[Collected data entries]
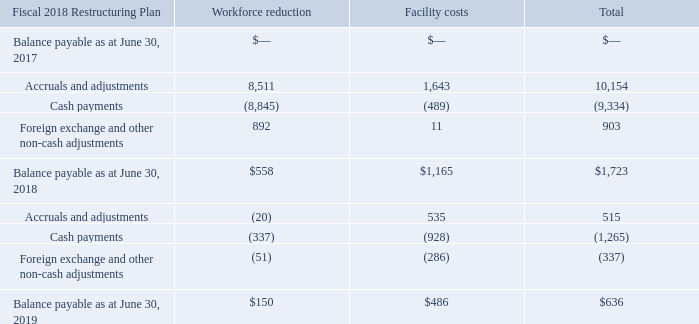Fiscal 2018 Restructuring Plan
During Fiscal 2018 and in the context of our acquisitions of Covisint, Guidance and Hightail (each defined below), we began to implement restructuring activities to streamline our operations (collectively referred to as the Fiscal 2018 Restructuring Plan). The Fiscal 2018 Restructuring Plan charges relate to workforce reductions and facility consolidations. These charges require management to make certain judgments and estimates regarding the amount and timing of restructuring charges or recoveries. Our estimated liability could change subsequent to its recognition, requiring adjustments to the expense and the liability recorded. On a quarterly basis, we conduct an evaluation of the related liabilities and expenses and revise our assumptions and estimates as appropriate.
Since the inception of the plan, approximately $10.7 million has been recorded within "Special charges (recoveries)" to date. We do not expect to incur any further significant charges relating to this plan.
A reconciliation of the beginning and ending liability for the year ended June 30, 2019 and 2018 is shown below.
What does the table show? Reconciliation of the beginning and ending liability for the year ended june 30, 2019 and 2018. How much has been  recorded within "Special charges (recoveries)" since the inception of the plan to date? $10.7 million. What is the Balance payable as at June 30, 2019 for workforce reduction?
Answer scale should be: thousand. 150. What is the Balance payable as at June 30, 2019 for Workforce reduction expressed as a percentage of total Balance payable as at June 30, 2019? 
Answer scale should be: percent. 150/636
Answer: 23.58. What is the difference between the total Balance payable as at June 30, 2019 vs that of 2018?
Answer scale should be: thousand. 636-1,723
Answer: -1087. For Balance payable as at June 30, 2019, What is the difference between Workforce reduction and Facility costs?
Answer scale should be: thousand. 150-486
Answer: -336.

**Problem description**
Word for word, restate the lines above from the line containing "Answer scale should be: thousand. 150." through the line containing "Answer scale should be: thousand. 636-1,723", with both included and nothing else.

**The completed task**
Answer scale should be: thousand. 150. What is the Balance payable as at June 30, 2019 for Workforce reduction expressed as a percentage of total Balance payable as at June 30, 2019? 
Answer scale should be: percent. 150/636
Answer: 23.58. What is the difference between the total Balance payable as at June 30, 2019 vs that of 2018?
Answer scale should be: thousand. 636-1,723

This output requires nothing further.